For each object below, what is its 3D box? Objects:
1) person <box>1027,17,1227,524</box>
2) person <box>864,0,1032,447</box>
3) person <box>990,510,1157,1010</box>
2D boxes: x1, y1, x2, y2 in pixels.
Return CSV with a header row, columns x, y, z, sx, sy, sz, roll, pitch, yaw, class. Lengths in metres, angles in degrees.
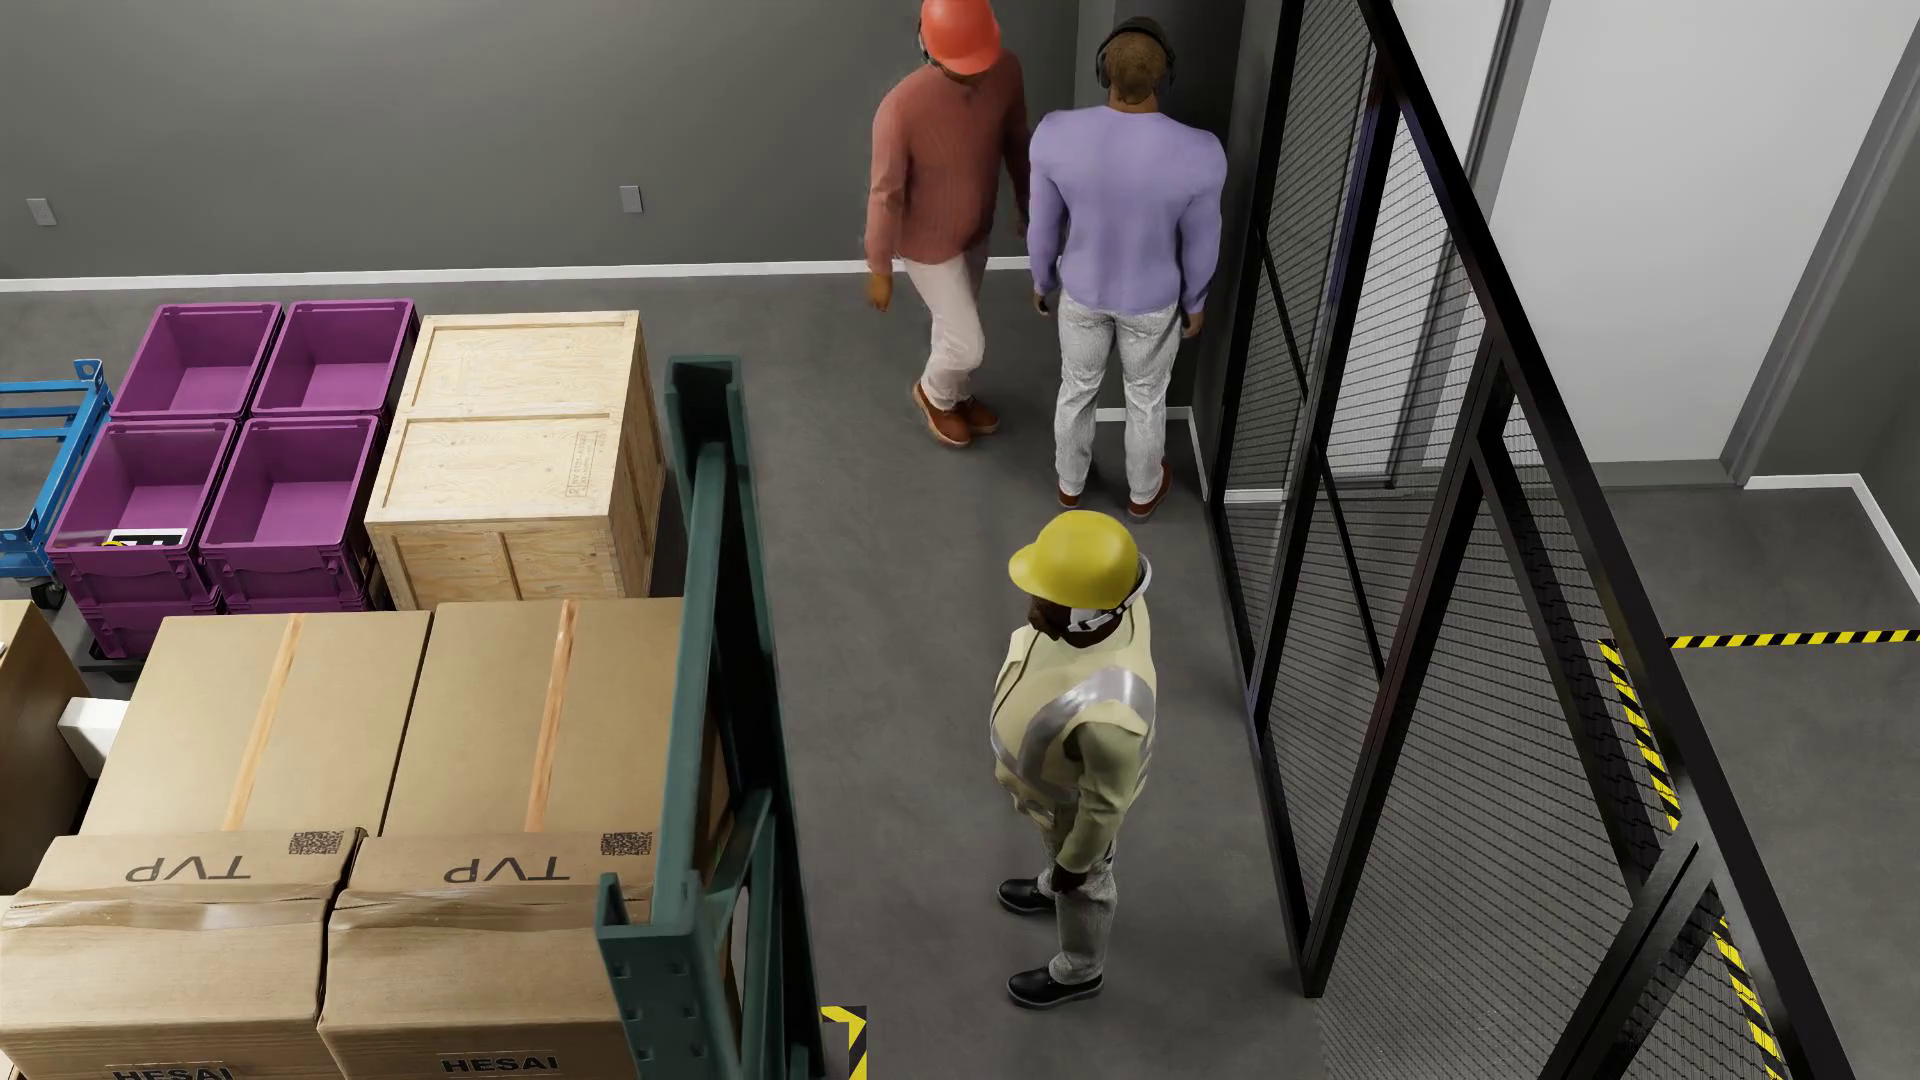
x,y,z,sx,sy,sz,roll,pitch,yaw,class
0.530,-0.838,5.557,0.629,1.940,0.379,12,47,11,person
-0.006,-1.062,5.753,0.497,1.960,0.727,32,54,27,person
0.276,0.590,4.264,0.403,1.835,0.588,-1,46,-1,person
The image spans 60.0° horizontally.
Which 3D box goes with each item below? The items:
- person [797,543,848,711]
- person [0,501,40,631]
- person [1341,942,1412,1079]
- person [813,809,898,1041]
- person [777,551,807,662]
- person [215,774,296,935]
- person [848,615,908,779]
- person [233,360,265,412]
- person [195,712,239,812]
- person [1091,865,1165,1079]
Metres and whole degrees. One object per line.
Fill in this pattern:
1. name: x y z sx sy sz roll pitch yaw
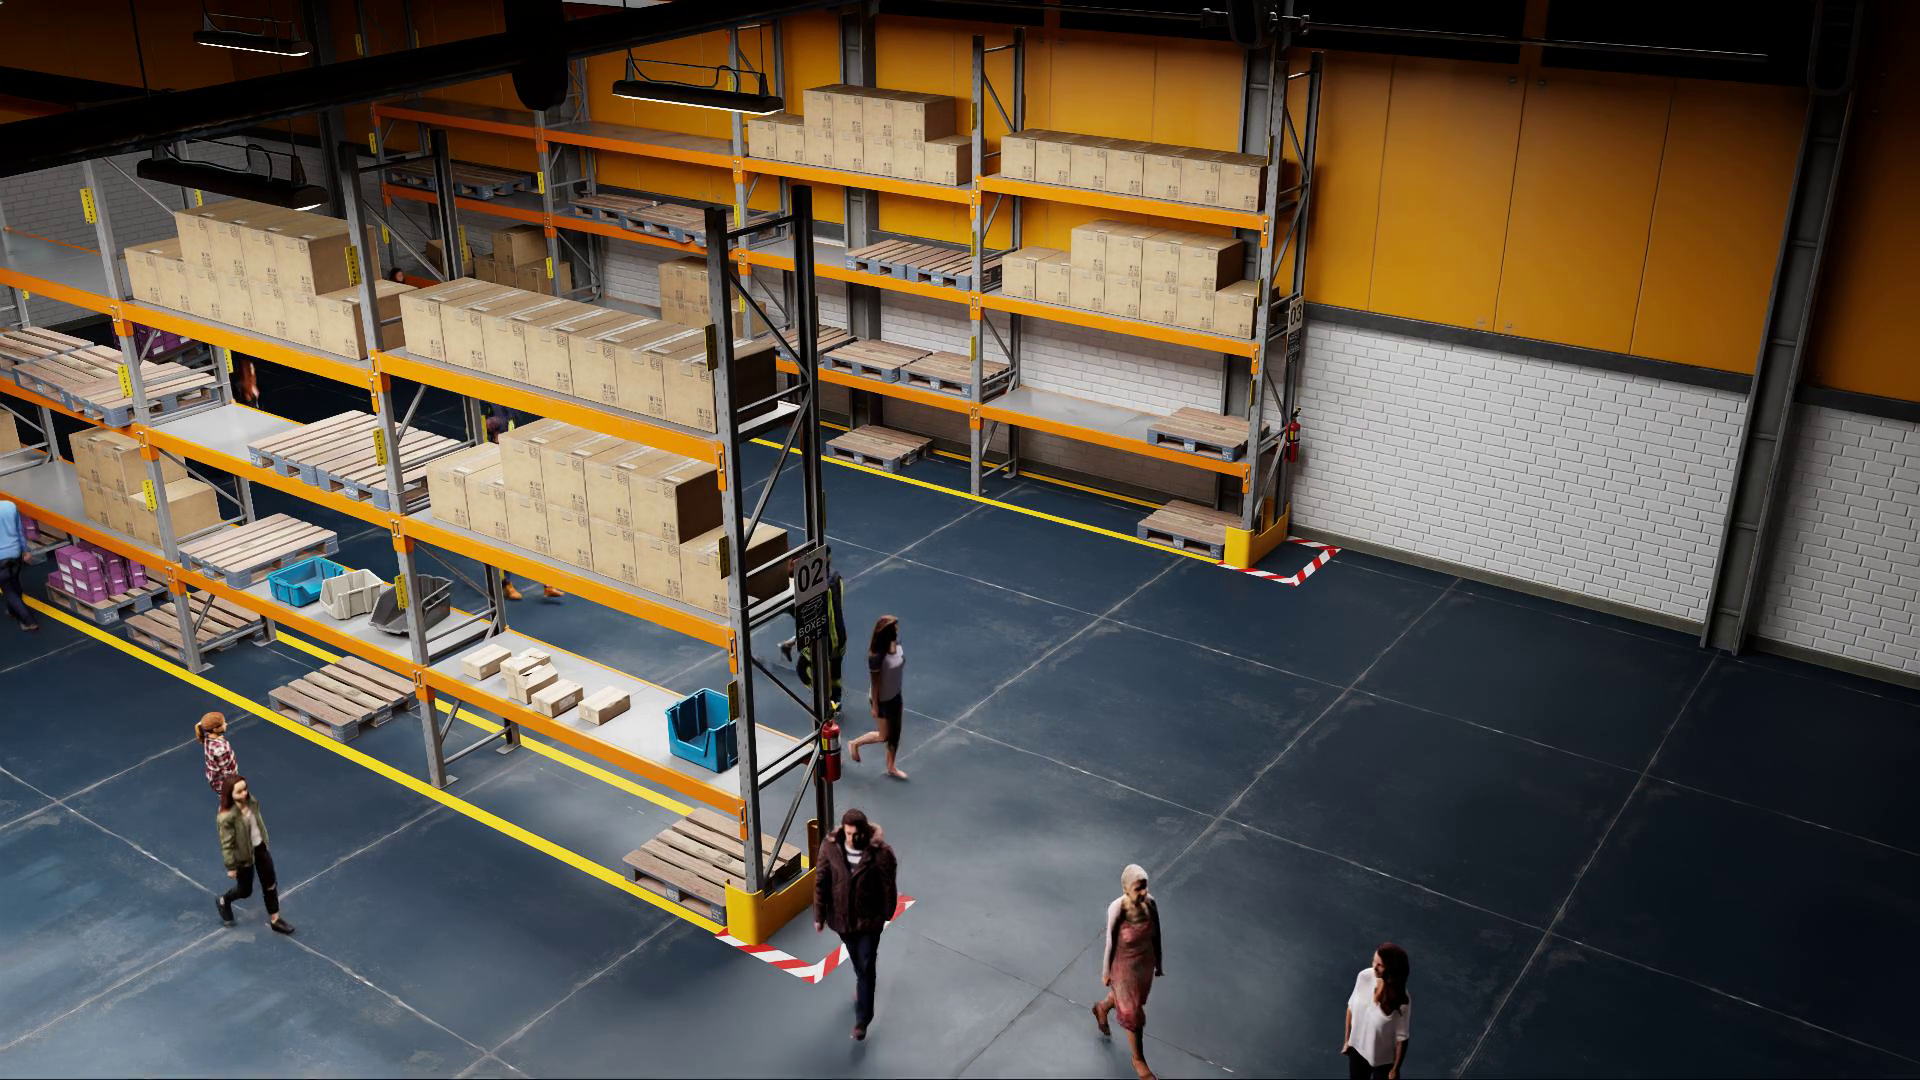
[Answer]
1. person: -1.289 0.920 16.685 0.814 1.853 0.844 8 25 17
2. person: -10.582 0.179 18.461 1.015 1.787 0.714 13 27 28
3. person: 2.769 3.412 11.055 0.723 1.795 0.561 -17 29 -34
4. person: -0.761 2.755 12.544 1.141 1.807 1.059 6 24 13
5. person: -1.718 0.726 17.594 0.840 1.479 0.693 8 25 17
6. person: -5.814 2.541 13.466 0.977 1.459 0.722 9 25 20
7. person: -0.767 1.451 15.644 0.820 1.712 0.612 14 27 30
8. person: -9.754 -1.635 22.719 0.759 1.700 0.737 4 24 10
9. person: -6.519 2.094 14.682 0.637 1.305 0.523 -17 29 -34
10. person: 1.189 3.050 12.055 0.852 1.657 1.113 -15 28 -30
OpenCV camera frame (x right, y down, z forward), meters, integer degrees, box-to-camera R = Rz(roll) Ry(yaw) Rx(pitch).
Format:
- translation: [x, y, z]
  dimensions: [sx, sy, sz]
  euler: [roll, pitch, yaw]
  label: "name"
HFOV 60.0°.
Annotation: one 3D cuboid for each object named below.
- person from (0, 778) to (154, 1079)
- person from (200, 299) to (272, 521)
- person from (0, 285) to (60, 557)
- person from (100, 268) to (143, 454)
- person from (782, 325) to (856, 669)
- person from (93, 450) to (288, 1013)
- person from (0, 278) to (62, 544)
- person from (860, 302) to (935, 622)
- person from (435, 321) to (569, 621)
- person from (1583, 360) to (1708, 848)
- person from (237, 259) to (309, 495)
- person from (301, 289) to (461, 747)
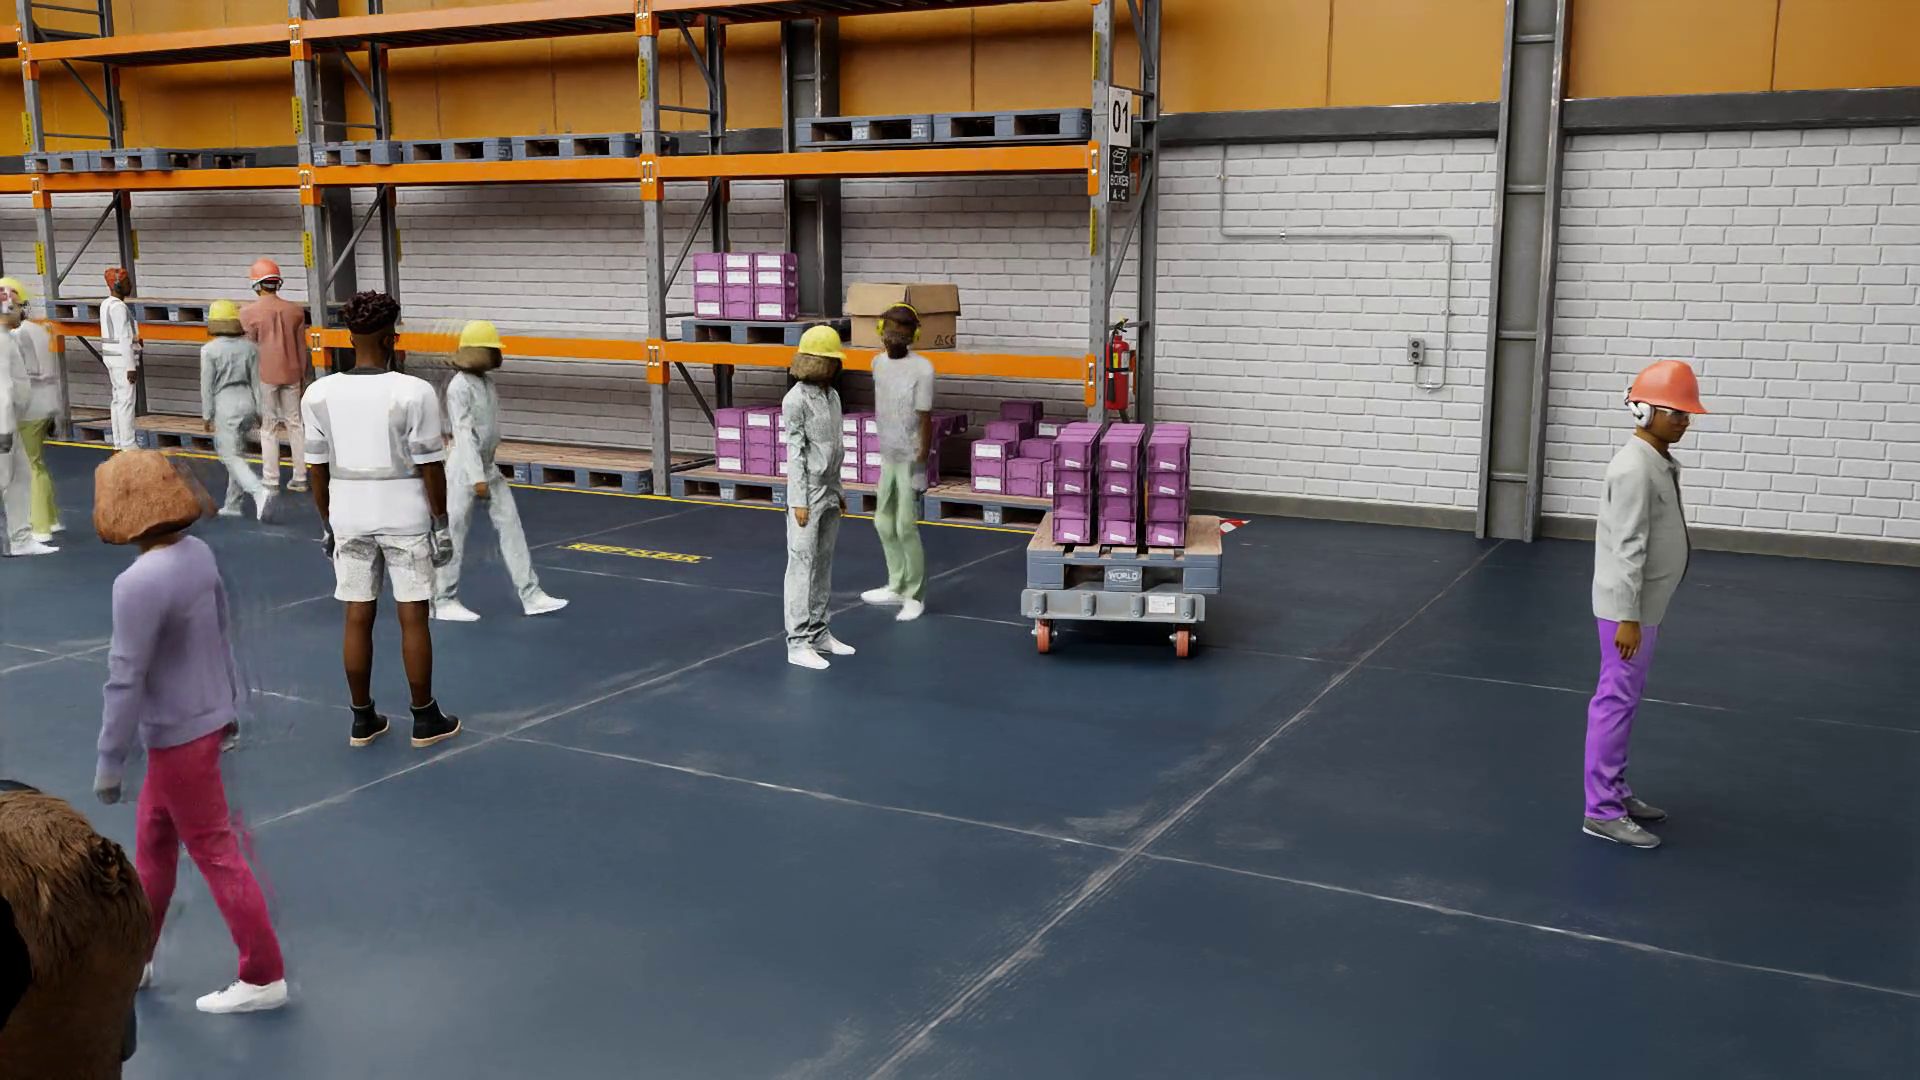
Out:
- translation: [-0.610, 1.060, 1.218]
  dimensions: [0.328, 1.839, 0.504]
  euler: [3, 11, 18]
  label: "person"
- translation: [-5.566, -0.994, 12.815]
  dimensions: [0.771, 1.718, 0.494]
  euler: [6, 12, 31]
  label: "person"
- translation: [-6.659, -0.781, 11.282]
  dimensions: [0.734, 1.862, 0.740]
  euler: [-7, 13, -35]
  label: "person"
- translation: [-8.198, -1.715, 16.306]
  dimensions: [0.344, 1.882, 0.584]
  euler: [-8, 13, -39]
  label: "person"
- translation: [-0.719, -0.226, 8.533]
  dimensions: [0.301, 1.742, 0.484]
  euler: [4, 11, 22]
  label: "person"
- translation: [-2.277, 0.551, 4.641]
  dimensions: [0.769, 1.602, 0.537]
  euler: [-1, 10, -4]
  label: "person"
- translation: [-6.724, -0.913, 11.892]
  dimensions: [0.491, 1.895, 0.597]
  euler: [-2, 11, -12]
  label: "person"
- translation: [-0.343, -0.445, 9.498]
  dimensions: [0.463, 1.829, 0.621]
  euler: [-9, 14, -40]
  label: "person"
- translation: [-2.646, -0.370, 9.395]
  dimensions: [0.822, 1.709, 0.498]
  euler: [2, 11, 13]
  label: "person"
- translation: [2.491, 0.219, 6.065]
  dimensions: [0.339, 1.748, 0.564]
  euler: [6, 12, 29]
  label: "person"
- translation: [-5.831, -1.376, 14.144]
  dimensions: [0.376, 1.995, 0.612]
  euler: [7, 13, 35]
  label: "person"
- translation: [-2.466, -0.080, 7.117]
  dimensions: [0.604, 1.966, 0.367]
  euler: [1, 10, 5]
  label: "person"
⁂
## What is expected
Reproduce all of the records above exactly, but exclude the pictures.

## Exercise result
For each object below, what is its 3D box? Objects:
1) person <box>1027,17,1227,524</box>
2) person <box>864,0,1032,447</box>
3) person <box>990,510,1157,1010</box>
2D boxes: x1, y1, x2, y2 in pixels.
Return CSV with a header row, columns x, y, z, sx, sy, sz, roll, pitch, yaw, class. Lengths in metres, angles in degrees.
x,y,z,sx,sy,sz,roll,pitch,yaw,class
0.530,-0.838,5.557,0.629,1.940,0.379,12,47,11,person
-0.006,-1.062,5.753,0.497,1.960,0.727,32,54,27,person
0.276,0.590,4.264,0.403,1.835,0.588,-1,46,-1,person
The image spans 60.0° horizontally.
Which 3D box goes with each item below? The items:
- person [797,543,848,711]
- person [0,501,40,631]
- person [1341,942,1412,1079]
- person [813,809,898,1041]
- person [777,551,807,662]
- person [215,774,296,935]
- person [848,615,908,779]
- person [233,360,265,412]
- person [195,712,239,812]
- person [1091,865,1165,1079]
Metres and whole degrees. One object per line.
Fill in this pattern:
1. name: x y z sx sy sz roll pitch yaw
[Answer]
1. person: -1.289 0.920 16.685 0.814 1.853 0.844 8 25 17
2. person: -10.582 0.179 18.461 1.015 1.787 0.714 13 27 28
3. person: 2.769 3.412 11.055 0.723 1.795 0.561 -17 29 -34
4. person: -0.761 2.755 12.544 1.141 1.807 1.059 6 24 13
5. person: -1.718 0.726 17.594 0.840 1.479 0.693 8 25 17
6. person: -5.814 2.541 13.466 0.977 1.459 0.722 9 25 20
7. person: -0.767 1.451 15.644 0.820 1.712 0.612 14 27 30
8. person: -9.754 -1.635 22.719 0.759 1.700 0.737 4 24 10
9. person: -6.519 2.094 14.682 0.637 1.305 0.523 -17 29 -34
10. person: 1.189 3.050 12.055 0.852 1.657 1.113 -15 28 -30
OpenCV camera frame (x right, y down, z forward), meters, integer degrees, box-to-camera R = Rz(roll) Ry(yaw) Rx(pitch).
Format:
- translation: [x, y, z]
  dimensions: [sx, sy, sz]
  euler: [roll, pitch, yaw]
  label: "name"
HFOV 60.0°.
Annotation: one 3D cuboid for each object named below.
- person from (0, 778) to (154, 1079)
- person from (200, 299) to (272, 521)
- person from (0, 285) to (60, 557)
- person from (100, 268) to (143, 454)
- person from (782, 325) to (856, 669)
- person from (93, 450) to (288, 1013)
- person from (0, 278) to (62, 544)
- person from (860, 302) to (935, 622)
- person from (435, 321) to (569, 621)
- person from (1583, 360) to (1708, 848)
- person from (237, 259) to (309, 495)
- person from (301, 289) to (461, 747)
Out:
- translation: [-0.610, 1.060, 1.218]
  dimensions: [0.328, 1.839, 0.504]
  euler: [3, 11, 18]
  label: "person"
- translation: [-5.566, -0.994, 12.815]
  dimensions: [0.771, 1.718, 0.494]
  euler: [6, 12, 31]
  label: "person"
- translation: [-6.659, -0.781, 11.282]
  dimensions: [0.734, 1.862, 0.740]
  euler: [-7, 13, -35]
  label: "person"
- translation: [-8.198, -1.715, 16.306]
  dimensions: [0.344, 1.882, 0.584]
  euler: [-8, 13, -39]
  label: "person"
- translation: [-0.719, -0.226, 8.533]
  dimensions: [0.301, 1.742, 0.484]
  euler: [4, 11, 22]
  label: "person"
- translation: [-2.277, 0.551, 4.641]
  dimensions: [0.769, 1.602, 0.537]
  euler: [-1, 10, -4]
  label: "person"
- translation: [-6.724, -0.913, 11.892]
  dimensions: [0.491, 1.895, 0.597]
  euler: [-2, 11, -12]
  label: "person"
- translation: [-0.343, -0.445, 9.498]
  dimensions: [0.463, 1.829, 0.621]
  euler: [-9, 14, -40]
  label: "person"
- translation: [-2.646, -0.370, 9.395]
  dimensions: [0.822, 1.709, 0.498]
  euler: [2, 11, 13]
  label: "person"
- translation: [2.491, 0.219, 6.065]
  dimensions: [0.339, 1.748, 0.564]
  euler: [6, 12, 29]
  label: "person"
- translation: [-5.831, -1.376, 14.144]
  dimensions: [0.376, 1.995, 0.612]
  euler: [7, 13, 35]
  label: "person"
- translation: [-2.466, -0.080, 7.117]
  dimensions: [0.604, 1.966, 0.367]
  euler: [1, 10, 5]
  label: "person"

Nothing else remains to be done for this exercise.